Ein hochrangiges Mitglied der libyschen Justizpolizei wurde in seiner Heimat wie ein Held empfangen, nachdem Italien ihn nur zwei Tage nach seiner Verhaftung aufgrund eines Haftbefehls des Internationalen Strafgerichtshofs (IStGH) unerwartet aus dem Gefängnis entlassen hatte.

Der Mann, der vom italienischen Justizministerium als Najeem Osema Almasri Habish bezeichnet wird und in den libyschen Regierungsunterlagen als Osama Njeem aufgeführt ist, wurde vor dem Internationalen Strafgerichtshof in Den Haag wegen Kriegsverbrechen angeklagt.

Ein in den sozialen Medien veröffentlichtes Video zeigt, wie Njeem auf die Schultern von Unterstützern gehoben wird, nachdem ein Flugzeug der italienischen Regierung ihn am Dienstagabend direkt von Turin zum Flughafen Mitiga in Tripolis geflogen hat.

Die libysche Kriminalpolizei veröffentlichte auf ihrer Facebook-Seite eine Nachricht, in der sie Njeem als Einsatzleiter der Abteilung für justizielle Sicherheit bezeichnete und allen, die zu seiner Freilassung beigetragen haben, ihren "aufrichtigen Dank" aussprach.

Der IStGH untersucht mutmaßliche Verbrechen gegen die Menschlichkeit und Kriegsverbrechen, die seit dem libyschen Bürgerkrieg 2011 in Libyen begangen wurden, darunter auch gegen Möchtegern-Migranten.

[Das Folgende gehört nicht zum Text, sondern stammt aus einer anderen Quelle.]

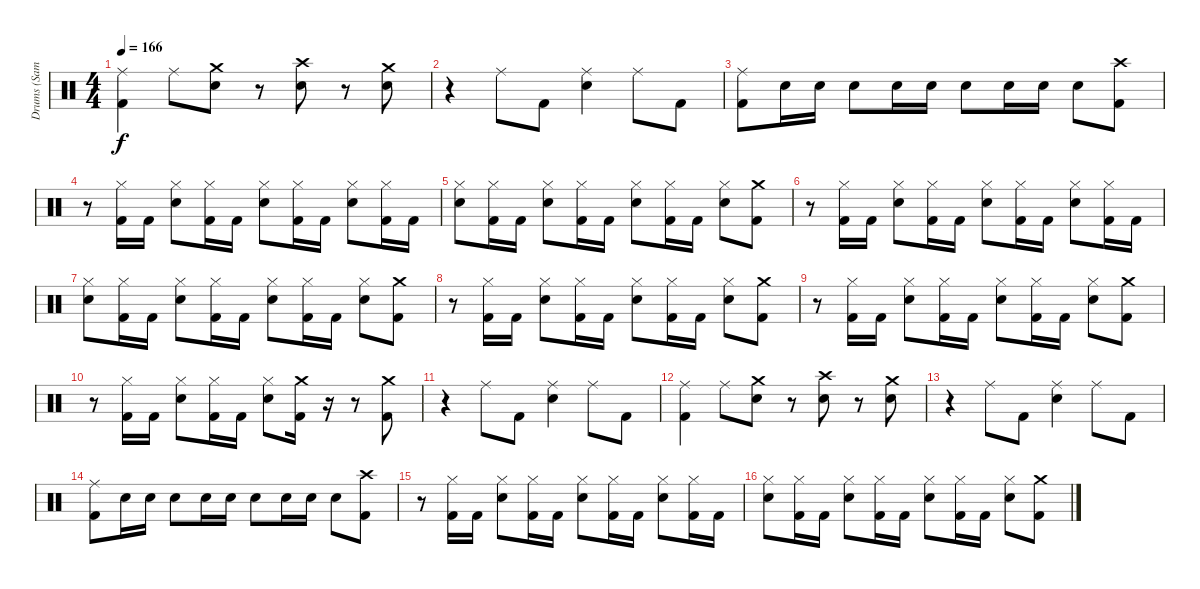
\track ("Drums (Samuelson)" "Drums (Sam") {instrument percussion}
\staff
\articulation defaults
\ts (4 4)
\tempo 166
\clef neutral
\ks c
("Ride (middle)" "Kick (hit) 2").4{dy f} "Ride (middle)".8 ("Crash medium (hit)" "Electric Snare (hit)").8 r.8 ("Crash high (hit)" "Electric Snare (hit)").8 r.8 ("Crash medium (hit)" "Electric Snare (hit)").8 |
r.4 "Ride (middle)".8 "Kick (hit) 2".8 ("Ride (middle)" "Electric Snare (hit)").4 "Ride (middle)".8 "Kick (hit) 2".8 |
("Ride (middle)" "Kick (hit) 2").8 "Electric Snare (hit)".16 "Electric Snare (hit)".16 "Electric Snare (hit)".8 "Electric Snare (hit)".16 "Electric Snare (hit)".16 "Electric Snare (hit)".8 "Electric Snare (hit)".16 "Electric Snare (hit)".16 "Electric Snare (hit)".8 ("Crash high (hit)" "Kick (hit) 2").8 |
r.8 ("Hi-Hat (closed)" "Kick (hit) 2").16 "Kick (hit) 2".16 ("Hi-Hat (closed)" "Electric Snare (hit)").8 ("Hi-Hat (closed)" "Kick (hit) 2").16 "Kick (hit) 2".16 ("Hi-Hat (closed)" "Electric Snare (hit)").8 ("Hi-Hat (closed)" "Kick (hit) 2").16 "Kick (hit) 2".16 ("Hi-Hat (closed)" "Electric Snare (hit)").8 ("Hi-Hat (closed)" "Kick (hit) 2").16 "Kick (hit) 2".16 |
("Hi-Hat (closed)" "Electric Snare (hit)").8 ("Hi-Hat (closed)" "Kick (hit) 2").16 "Kick (hit) 2".16 ("Hi-Hat (closed)" "Electric Snare (hit)").8 ("Hi-Hat (closed)" "Kick (hit) 2").16 "Kick (hit) 2".16 ("Hi-Hat (closed)" "Electric Snare (hit)").8 ("Hi-Hat (closed)" "Kick (hit) 2").16 "Kick (hit) 2".16 ("Hi-Hat (closed)" "Electric Snare (hit)").8 ("Crash medium (hit)" "Kick (hit) 2").8 |
r.8 ("Hi-Hat (closed)" "Kick (hit) 2").16 "Kick (hit) 2".16 ("Hi-Hat (closed)" "Electric Snare (hit)").8 ("Hi-Hat (closed)" "Kick (hit) 2").16 "Kick (hit) 2".16 ("Hi-Hat (closed)" "Electric Snare (hit)").8 ("Hi-Hat (closed)" "Kick (hit) 2").16 "Kick (hit) 2".16 ("Hi-Hat (closed)" "Electric Snare (hit)").8 ("Hi-Hat (closed)" "Kick (hit) 2").16 "Kick (hit) 2".16 |
("Hi-Hat (closed)" "Electric Snare (hit)").8 ("Hi-Hat (closed)" "Kick (hit) 2").16 "Kick (hit) 2".16 ("Hi-Hat (closed)" "Electric Snare (hit)").8 ("Hi-Hat (closed)" "Kick (hit) 2").16 "Kick (hit) 2".16 ("Hi-Hat (closed)" "Electric Snare (hit)").8 ("Hi-Hat (closed)" "Kick (hit) 2").16 "Kick (hit) 2".16 ("Hi-Hat (closed)" "Electric Snare (hit)").8 ("Crash medium (hit)" "Kick (hit) 2").8 |
r.8 ("Hi-Hat (closed)" "Kick (hit) 2").16 "Kick (hit) 2".16 ("Hi-Hat (closed)" "Electric Snare (hit)").8 ("Hi-Hat (closed)" "Kick (hit) 2").16 "Kick (hit) 2".16 ("Hi-Hat (closed)" "Electric Snare (hit)").8 ("Hi-Hat (closed)" "Kick (hit) 2").16 "Kick (hit) 2".16 ("Hi-Hat (closed)" "Electric Snare (hit)").8 ("Crash medium (hit)" "Kick (hit) 2").8 |
r.8 ("Hi-Hat (closed)" "Kick (hit) 2").16 "Kick (hit) 2".16 ("Hi-Hat (closed)" "Electric Snare (hit)").8 ("Hi-Hat (closed)" "Kick (hit) 2").16 "Kick (hit) 2".16 ("Hi-Hat (closed)" "Electric Snare (hit)").8 ("Hi-Hat (closed)" "Kick (hit) 2").16 "Kick (hit) 2".16 ("Hi-Hat (closed)" "Electric Snare (hit)").8 ("Crash medium (hit)" "Kick (hit) 2").8 |
r.8 ("Hi-Hat (closed)" "Kick (hit) 2").16 "Kick (hit) 2".16 ("Hi-Hat (closed)" "Electric Snare (hit)").8 ("Hi-Hat (closed)" "Kick (hit) 2").16 "Kick (hit) 2".16 ("Hi-Hat (closed)" "Electric Snare (hit)").8 ("Crash medium (hit)" "Kick (hit) 2").16 r.16 r.8 ("Crash medium (hit)" "Kick (hit) 2").8 |
r.4 "Ride (middle)".8 "Kick (hit) 2".8 ("Ride (middle)" "Electric Snare (hit)").4 "Ride (middle)".8 "Kick (hit) 2".8 |
("Ride (middle)" "Kick (hit) 2").4 "Ride (middle)".8 ("Crash medium (hit)" "Electric Snare (hit)").8 r.8 ("Crash high (hit)" "Electric Snare (hit)").8 r.8 ("Crash medium (hit)" "Electric Snare (hit)").8 |
r.4 "Ride (middle)".8 "Kick (hit) 2".8 ("Ride (middle)" "Electric Snare (hit)").4 "Ride (middle)".8 "Kick (hit) 2".8 |
("Ride (middle)" "Kick (hit) 2").8 "Electric Snare (hit)".16 "Electric Snare (hit)".16 "Electric Snare (hit)".8 "Electric Snare (hit)".16 "Electric Snare (hit)".16 "Electric Snare (hit)".8 "Electric Snare (hit)".16 "Electric Snare (hit)".16 "Electric Snare (hit)".8 ("Crash high (hit)" "Kick (hit) 2").8 |
r.8 ("Hi-Hat (closed)" "Kick (hit) 2").16 "Kick (hit) 2".16 ("Hi-Hat (closed)" "Electric Snare (hit)").8 ("Hi-Hat (closed)" "Kick (hit) 2").16 "Kick (hit) 2".16 ("Hi-Hat (closed)" "Electric Snare (hit)").8 ("Hi-Hat (closed)" "Kick (hit) 2").16 "Kick (hit) 2".16 ("Hi-Hat (closed)" "Electric Snare (hit)").8 ("Hi-Hat (closed)" "Kick (hit) 2").16 "Kick (hit) 2".16 |
("Hi-Hat (closed)" "Electric Snare (hit)").8 ("Hi-Hat (closed)" "Kick (hit) 2").16 "Kick (hit) 2".16 ("Hi-Hat (closed)" "Electric Snare (hit)").8 ("Hi-Hat (closed)" "Kick (hit) 2").16 "Kick (hit) 2".16 ("Hi-Hat (closed)" "Electric Snare (hit)").8 ("Hi-Hat (closed)" "Kick (hit) 2").16 "Kick (hit) 2".16 ("Hi-Hat (closed)" "Electric Snare (hit)").8 ("Crash medium (hit)" "Kick (hit) 2").8

Italienische Medien berichteten, dass Italien den Hinweis erhalten hatte, dass Njeem ein Fußballspiel zwischen Juventus und dem AC Mailand besuchen wollte, so dass er am Sonntag in Turin aufgegriffen werden konnte.

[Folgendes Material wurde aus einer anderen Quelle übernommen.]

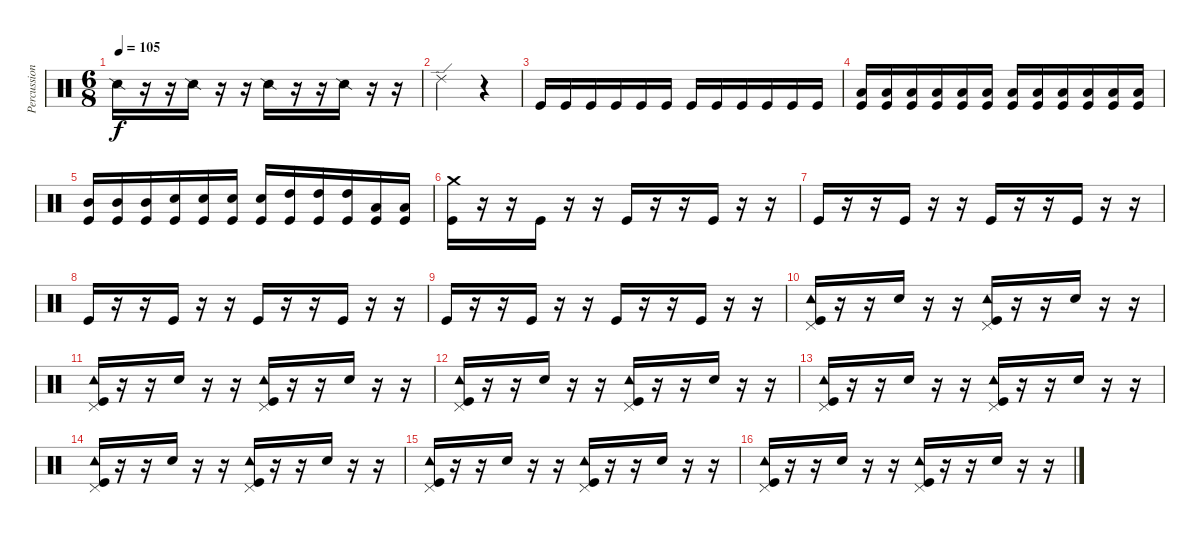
\track ("Percussions" "Percussion") {instrument percussion}
\staff {score}
\articulation defaults
\ts (6 8)
\tempo 105
\clef neutral
\ks c "Snare (side stick) 2".16{dy f}
r.16 r.16 "Snare (side stick) 2".16 r.16 r.16 "Snare (side stick) 2".16 r.16 r.16 "Snare (side stick) 2".16 r.16 r.16 |
"Ride (edge) 2".2 r.4 |
"Kick (hit)".16 "Kick (hit)".16 "Kick (hit)".16 "Kick (hit)".16 "Kick (hit)".16 "Kick (hit)".16 "Kick (hit)".16 "Kick (hit)".16 "Kick (hit)".16 "Kick (hit)".16 "Kick (hit)".16 "Kick (hit)".16 |
("Low Tom (hit)" "Kick (hit)").16 ("Low Tom (hit)" "Kick (hit)").16 ("Low Tom (hit)" "Kick (hit)").16 ("Low Tom (hit)" "Kick (hit)").16 ("Low Tom (hit)" "Kick (hit)").16 ("Low Tom (hit)" "Kick (hit)").16 ("Low Tom (hit)" "Kick (hit)").16 ("Low Tom (hit)" "Kick (hit)").16 ("Low Tom (hit)" "Kick (hit)").16 ("Low Tom (hit)" "Kick (hit)").16 ("Low Tom (hit)" "Kick (hit)").16 ("Low Tom (hit)" "Kick (hit)").16 |
("Mid Tom (hit)" "Kick (hit)").16 ("Mid Tom (hit)" "Kick (hit)").16 ("Mid Tom (hit)" "Kick (hit)").16 ("Snare (hit) 2" "Kick (hit)").16 ("Snare (hit) 2" "Kick (hit)").16 ("Snare (hit) 2" "Kick (hit)").16 ("Snare (hit) 2" "Kick (hit)").16 ("High Tom (hit)" "Kick (hit)").16 ("High Tom (hit)" "Kick (hit)").16 ("High Tom (hit)" "Kick (hit)").16 ("Low Tom (hit)" "Kick (hit)").16 ("Low Tom (hit)" "Kick (hit)").16 |
("Crash medium (hit)" "Kick (hit)").16 r.16 r.16 "Kick (hit)".16 r.16 r.16 "Kick (hit)".16 r.16 r.16 "Kick (hit)".16 r.16 r.16 |
"Kick (hit)".16 r.16 r.16 "Kick (hit)".16 r.16 r.16 "Kick (hit)".16 r.16 r.16 "Kick (hit)".16 r.16 r.16 |
"Kick (hit)".16 r.16 r.16 "Kick (hit)".16 r.16 r.16 "Kick (hit)".16 r.16 r.16 "Kick (hit)".16 r.16 r.16 |
"Kick (hit)".16 r.16 r.16 "Kick (hit)".16 r.16 r.16 "Kick (hit)".16 r.16 r.16 "Kick (hit)".16 r.16 r.16 |
("Pedal Hi-Hat (hit)" "Tambourine (hit)" "Kick (hit)").16 r.16 r.16 "Snare (hit) 2".16 r.16 r.16 ("Pedal Hi-Hat (hit)" "Tambourine (hit)" "Kick (hit)").16 r.16 r.16 "Snare (hit) 2".16 r.16 r.16 |
("Pedal Hi-Hat (hit)" "Tambourine (hit)" "Kick (hit)").16 r.16 r.16 "Snare (hit) 2".16 r.16 r.16 ("Pedal Hi-Hat (hit)" "Tambourine (hit)" "Kick (hit)").16 r.16 r.16 "Snare (hit) 2".16 r.16 r.16 |
("Pedal Hi-Hat (hit)" "Tambourine (hit)" "Kick (hit)").16 r.16 r.16 "Snare (hit) 2".16 r.16 r.16 ("Pedal Hi-Hat (hit)" "Tambourine (hit)" "Kick (hit)").16 r.16 r.16 "Snare (hit) 2".16 r.16 r.16 |
("Pedal Hi-Hat (hit)" "Tambourine (hit)" "Kick (hit)").16 r.16 r.16 "Snare (hit) 2".16 r.16 r.16 ("Pedal Hi-Hat (hit)" "Tambourine (hit)" "Kick (hit)").16 r.16 r.16 "Snare (hit) 2".16 r.16 r.16 |
("Pedal Hi-Hat (hit)" "Tambourine (hit)" "Kick (hit)").16 r.16 r.16 "Snare (hit) 2".16 r.16 r.16 ("Pedal Hi-Hat (hit)" "Tambourine (hit)" "Kick (hit)").16 r.16 r.16 "Snare (hit) 2".16 r.16 r.16 |
("Pedal Hi-Hat (hit)" "Tambourine (hit)" "Kick (hit)").16 r.16 r.16 "Snare (hit) 2".16 r.16 r.16 ("Pedal Hi-Hat (hit)" "Tambourine (hit)" "Kick (hit)").16 r.16 r.16 "Snare (hit) 2".16 r.16 r.16 |
("Pedal Hi-Hat (hit)" "Tambourine (hit)" "Kick (hit)").16 r.16 r.16 "Snare (hit) 2".16 r.16 r.16 ("Pedal Hi-Hat (hit)" "Tambourine (hit)" "Kick (hit)").16 r.16 r.16 "Snare (hit) 2".16 r.16 r.16

Er wurde aufgrund einer juristischen Formalität freigelassen, weil die Polizei, die ihn verhaftet hatte, das Justizministerium nicht sofort informiert hatte, wie es vorgeschrieben war, sagte eine Quelle des Innenministeriums.

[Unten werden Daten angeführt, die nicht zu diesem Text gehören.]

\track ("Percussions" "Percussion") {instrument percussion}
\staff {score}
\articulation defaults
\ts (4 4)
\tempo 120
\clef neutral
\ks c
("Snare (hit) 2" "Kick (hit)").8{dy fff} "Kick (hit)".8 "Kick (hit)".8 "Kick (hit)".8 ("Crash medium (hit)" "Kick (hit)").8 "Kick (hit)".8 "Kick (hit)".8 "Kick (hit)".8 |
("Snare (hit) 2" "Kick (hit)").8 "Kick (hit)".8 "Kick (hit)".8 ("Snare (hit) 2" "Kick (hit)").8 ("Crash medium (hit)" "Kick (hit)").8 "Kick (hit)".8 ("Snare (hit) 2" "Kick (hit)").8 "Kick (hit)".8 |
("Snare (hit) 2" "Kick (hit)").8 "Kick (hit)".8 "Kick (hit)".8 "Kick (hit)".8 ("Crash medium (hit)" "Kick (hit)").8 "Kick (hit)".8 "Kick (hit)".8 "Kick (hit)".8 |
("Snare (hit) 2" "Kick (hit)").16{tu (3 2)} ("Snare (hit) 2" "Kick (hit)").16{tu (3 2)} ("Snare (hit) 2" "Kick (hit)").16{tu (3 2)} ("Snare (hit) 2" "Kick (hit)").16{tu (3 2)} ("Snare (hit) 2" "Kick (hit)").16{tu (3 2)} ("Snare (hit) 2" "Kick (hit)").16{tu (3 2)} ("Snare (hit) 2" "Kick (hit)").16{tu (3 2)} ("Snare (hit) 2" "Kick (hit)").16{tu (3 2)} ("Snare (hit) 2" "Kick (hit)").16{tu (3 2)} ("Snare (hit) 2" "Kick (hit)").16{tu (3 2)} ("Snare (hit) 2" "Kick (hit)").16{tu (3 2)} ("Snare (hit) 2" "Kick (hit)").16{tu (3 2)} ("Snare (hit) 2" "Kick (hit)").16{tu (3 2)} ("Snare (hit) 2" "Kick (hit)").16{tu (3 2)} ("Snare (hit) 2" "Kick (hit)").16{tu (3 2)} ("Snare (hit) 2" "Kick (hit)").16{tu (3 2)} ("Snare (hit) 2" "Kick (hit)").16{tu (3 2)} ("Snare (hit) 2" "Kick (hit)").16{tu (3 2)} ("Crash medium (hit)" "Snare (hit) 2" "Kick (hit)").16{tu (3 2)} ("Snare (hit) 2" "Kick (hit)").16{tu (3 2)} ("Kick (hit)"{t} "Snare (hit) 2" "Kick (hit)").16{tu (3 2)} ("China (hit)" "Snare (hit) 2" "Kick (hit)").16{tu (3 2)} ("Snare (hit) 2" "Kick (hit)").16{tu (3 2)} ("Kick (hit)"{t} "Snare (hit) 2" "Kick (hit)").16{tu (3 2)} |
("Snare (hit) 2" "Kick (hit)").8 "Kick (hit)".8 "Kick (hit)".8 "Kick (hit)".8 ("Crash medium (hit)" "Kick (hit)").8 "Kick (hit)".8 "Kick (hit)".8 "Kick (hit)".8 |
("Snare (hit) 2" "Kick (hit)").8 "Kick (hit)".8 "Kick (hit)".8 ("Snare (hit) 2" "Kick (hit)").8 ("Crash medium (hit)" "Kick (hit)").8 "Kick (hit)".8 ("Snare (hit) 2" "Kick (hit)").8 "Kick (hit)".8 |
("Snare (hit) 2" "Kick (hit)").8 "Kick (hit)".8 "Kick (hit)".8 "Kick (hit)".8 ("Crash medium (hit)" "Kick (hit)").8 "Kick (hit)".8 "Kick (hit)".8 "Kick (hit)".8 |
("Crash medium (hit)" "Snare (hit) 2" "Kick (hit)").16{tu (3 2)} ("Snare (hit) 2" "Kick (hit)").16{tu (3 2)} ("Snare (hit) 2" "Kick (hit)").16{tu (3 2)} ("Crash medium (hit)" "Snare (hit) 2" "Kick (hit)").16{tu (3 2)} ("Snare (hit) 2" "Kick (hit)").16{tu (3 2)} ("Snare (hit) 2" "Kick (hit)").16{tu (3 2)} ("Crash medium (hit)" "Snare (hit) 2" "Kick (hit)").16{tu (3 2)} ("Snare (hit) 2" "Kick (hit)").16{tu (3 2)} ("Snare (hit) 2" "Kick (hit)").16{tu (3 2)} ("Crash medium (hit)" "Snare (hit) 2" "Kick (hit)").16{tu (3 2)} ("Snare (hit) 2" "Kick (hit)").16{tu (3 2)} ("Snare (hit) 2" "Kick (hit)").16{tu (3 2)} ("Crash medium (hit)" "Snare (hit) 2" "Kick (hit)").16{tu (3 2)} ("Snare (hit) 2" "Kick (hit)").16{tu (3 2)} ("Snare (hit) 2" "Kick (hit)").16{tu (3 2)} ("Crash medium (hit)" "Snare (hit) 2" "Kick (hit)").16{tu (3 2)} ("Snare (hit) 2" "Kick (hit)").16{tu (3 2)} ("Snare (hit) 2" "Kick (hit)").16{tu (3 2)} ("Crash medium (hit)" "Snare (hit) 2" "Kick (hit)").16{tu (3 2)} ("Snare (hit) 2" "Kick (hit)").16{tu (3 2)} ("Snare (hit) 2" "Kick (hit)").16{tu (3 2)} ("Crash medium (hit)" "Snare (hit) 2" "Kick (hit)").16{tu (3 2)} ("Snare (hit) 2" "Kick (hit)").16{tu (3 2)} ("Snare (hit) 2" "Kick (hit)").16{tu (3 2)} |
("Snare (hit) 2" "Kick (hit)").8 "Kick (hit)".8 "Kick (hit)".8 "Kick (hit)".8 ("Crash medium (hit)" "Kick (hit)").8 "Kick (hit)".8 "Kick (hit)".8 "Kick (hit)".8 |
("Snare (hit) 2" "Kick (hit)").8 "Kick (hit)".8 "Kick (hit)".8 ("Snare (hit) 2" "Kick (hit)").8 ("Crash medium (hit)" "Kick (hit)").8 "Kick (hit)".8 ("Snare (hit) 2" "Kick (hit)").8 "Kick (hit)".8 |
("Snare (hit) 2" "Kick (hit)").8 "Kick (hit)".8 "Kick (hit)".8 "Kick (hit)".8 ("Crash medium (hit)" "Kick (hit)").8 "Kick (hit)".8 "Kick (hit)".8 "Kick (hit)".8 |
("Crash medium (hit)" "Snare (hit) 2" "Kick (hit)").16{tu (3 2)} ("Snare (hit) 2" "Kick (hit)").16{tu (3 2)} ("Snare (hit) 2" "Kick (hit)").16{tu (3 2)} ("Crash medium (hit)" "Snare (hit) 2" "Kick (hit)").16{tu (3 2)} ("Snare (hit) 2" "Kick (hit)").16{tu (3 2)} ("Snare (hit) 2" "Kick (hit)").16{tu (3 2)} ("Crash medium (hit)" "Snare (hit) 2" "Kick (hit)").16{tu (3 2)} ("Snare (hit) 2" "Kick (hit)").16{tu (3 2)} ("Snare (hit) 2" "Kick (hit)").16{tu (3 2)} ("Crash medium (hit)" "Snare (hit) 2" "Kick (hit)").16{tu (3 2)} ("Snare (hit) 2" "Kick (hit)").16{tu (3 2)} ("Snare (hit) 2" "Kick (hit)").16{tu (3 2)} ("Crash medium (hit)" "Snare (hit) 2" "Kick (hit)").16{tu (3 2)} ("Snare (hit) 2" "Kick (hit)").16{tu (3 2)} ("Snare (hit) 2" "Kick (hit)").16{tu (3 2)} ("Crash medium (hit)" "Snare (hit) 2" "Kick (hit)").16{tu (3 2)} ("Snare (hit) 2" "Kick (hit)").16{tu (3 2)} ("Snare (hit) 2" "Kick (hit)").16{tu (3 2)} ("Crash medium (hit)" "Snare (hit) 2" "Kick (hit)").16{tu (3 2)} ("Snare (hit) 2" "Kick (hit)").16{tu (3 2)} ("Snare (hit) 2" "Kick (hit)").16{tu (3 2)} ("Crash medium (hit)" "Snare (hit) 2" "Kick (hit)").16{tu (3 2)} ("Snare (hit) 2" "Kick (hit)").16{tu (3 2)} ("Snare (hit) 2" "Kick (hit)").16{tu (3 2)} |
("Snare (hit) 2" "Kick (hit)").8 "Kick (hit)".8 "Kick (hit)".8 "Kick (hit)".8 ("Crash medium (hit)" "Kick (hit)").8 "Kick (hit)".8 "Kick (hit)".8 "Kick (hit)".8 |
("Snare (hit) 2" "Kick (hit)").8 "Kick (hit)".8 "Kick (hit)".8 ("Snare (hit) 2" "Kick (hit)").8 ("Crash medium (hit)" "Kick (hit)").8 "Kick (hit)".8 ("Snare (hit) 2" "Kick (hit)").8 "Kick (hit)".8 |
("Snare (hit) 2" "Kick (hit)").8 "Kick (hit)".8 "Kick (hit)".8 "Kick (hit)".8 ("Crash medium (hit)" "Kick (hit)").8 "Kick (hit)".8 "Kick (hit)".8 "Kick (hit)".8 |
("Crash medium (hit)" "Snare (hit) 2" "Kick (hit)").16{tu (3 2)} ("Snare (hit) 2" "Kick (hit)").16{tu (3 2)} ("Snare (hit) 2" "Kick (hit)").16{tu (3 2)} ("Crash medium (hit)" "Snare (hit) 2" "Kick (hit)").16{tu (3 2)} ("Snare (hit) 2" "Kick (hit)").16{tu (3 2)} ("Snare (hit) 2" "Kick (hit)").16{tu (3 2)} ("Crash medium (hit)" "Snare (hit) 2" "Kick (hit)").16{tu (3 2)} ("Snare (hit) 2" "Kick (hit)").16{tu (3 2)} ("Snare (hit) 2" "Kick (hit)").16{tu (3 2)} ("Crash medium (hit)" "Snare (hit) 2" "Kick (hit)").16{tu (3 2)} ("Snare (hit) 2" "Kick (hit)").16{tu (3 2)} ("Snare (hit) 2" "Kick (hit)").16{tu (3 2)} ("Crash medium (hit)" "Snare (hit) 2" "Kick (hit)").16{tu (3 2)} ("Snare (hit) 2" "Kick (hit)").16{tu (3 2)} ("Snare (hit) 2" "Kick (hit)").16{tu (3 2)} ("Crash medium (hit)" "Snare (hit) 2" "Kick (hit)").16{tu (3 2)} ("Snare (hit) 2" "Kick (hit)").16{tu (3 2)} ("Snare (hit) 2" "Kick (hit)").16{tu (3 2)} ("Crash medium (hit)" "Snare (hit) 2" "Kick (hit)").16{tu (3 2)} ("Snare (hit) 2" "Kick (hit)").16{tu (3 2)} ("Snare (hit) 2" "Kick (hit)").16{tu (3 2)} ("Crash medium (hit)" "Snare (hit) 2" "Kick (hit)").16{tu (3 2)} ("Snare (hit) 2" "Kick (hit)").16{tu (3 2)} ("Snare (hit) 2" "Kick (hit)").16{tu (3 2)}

Oppositionspolitiker forderten vom Justizministerium eine Erklärung und erinnerten daran, dass Premierministerin Giorgia Meloni 2023 versprochen hatte, Menschenhändler auf der ganzen Welt aufzuspüren.

"Als ein Menschenhändler, der laut Internationalem Strafgerichtshof ein gefährlicher Krimineller ist, ankam, haben Sie ihn nicht zur Strecke gebracht. Sie haben ihn mit einem Staatsflugzeug nach Libyen zurückgeschickt", sagte der ehemalige Premierminister Matteo Renzi am Mittwoch im Parlament.

"Bin ich der Einzige, der glaubt, dass Sie den Verstand verloren haben, oder ist dies das Bild einer heuchlerischen und unanständigen Regierung?"

Weder das Justizministerium noch das Berufungsgericht in Rom, das die Freilassungsanordnung vom Dienstag unterzeichnet hat, haben sich zu dem Fall geäußert.

Die italienische Tageszeitung Avvenire, die zuerst über Njeems Verhaftung berichtet hatte, berichtete, er habe im Rahmen seiner Tätigkeit bei der libyschen Justizpolizei ein Haftzentrum für Migranten in Tripolis geleitet und sei mit der mächtigen militärischen Spezialeinheit zur Abschreckung verbunden.

In einem weiteren viel beachteten Fall, in den ein ausländischer Staatsangehöriger verwickelt war, hat Italien in diesem Monat einen iranischen Geschäftsmann freigelassen, der aufgrund eines US-Haftbefehls festgenommen worden war, und zwar offenbar im Austausch gegen einen italienischen Journalisten, der in Teheran inhaftiert worden war.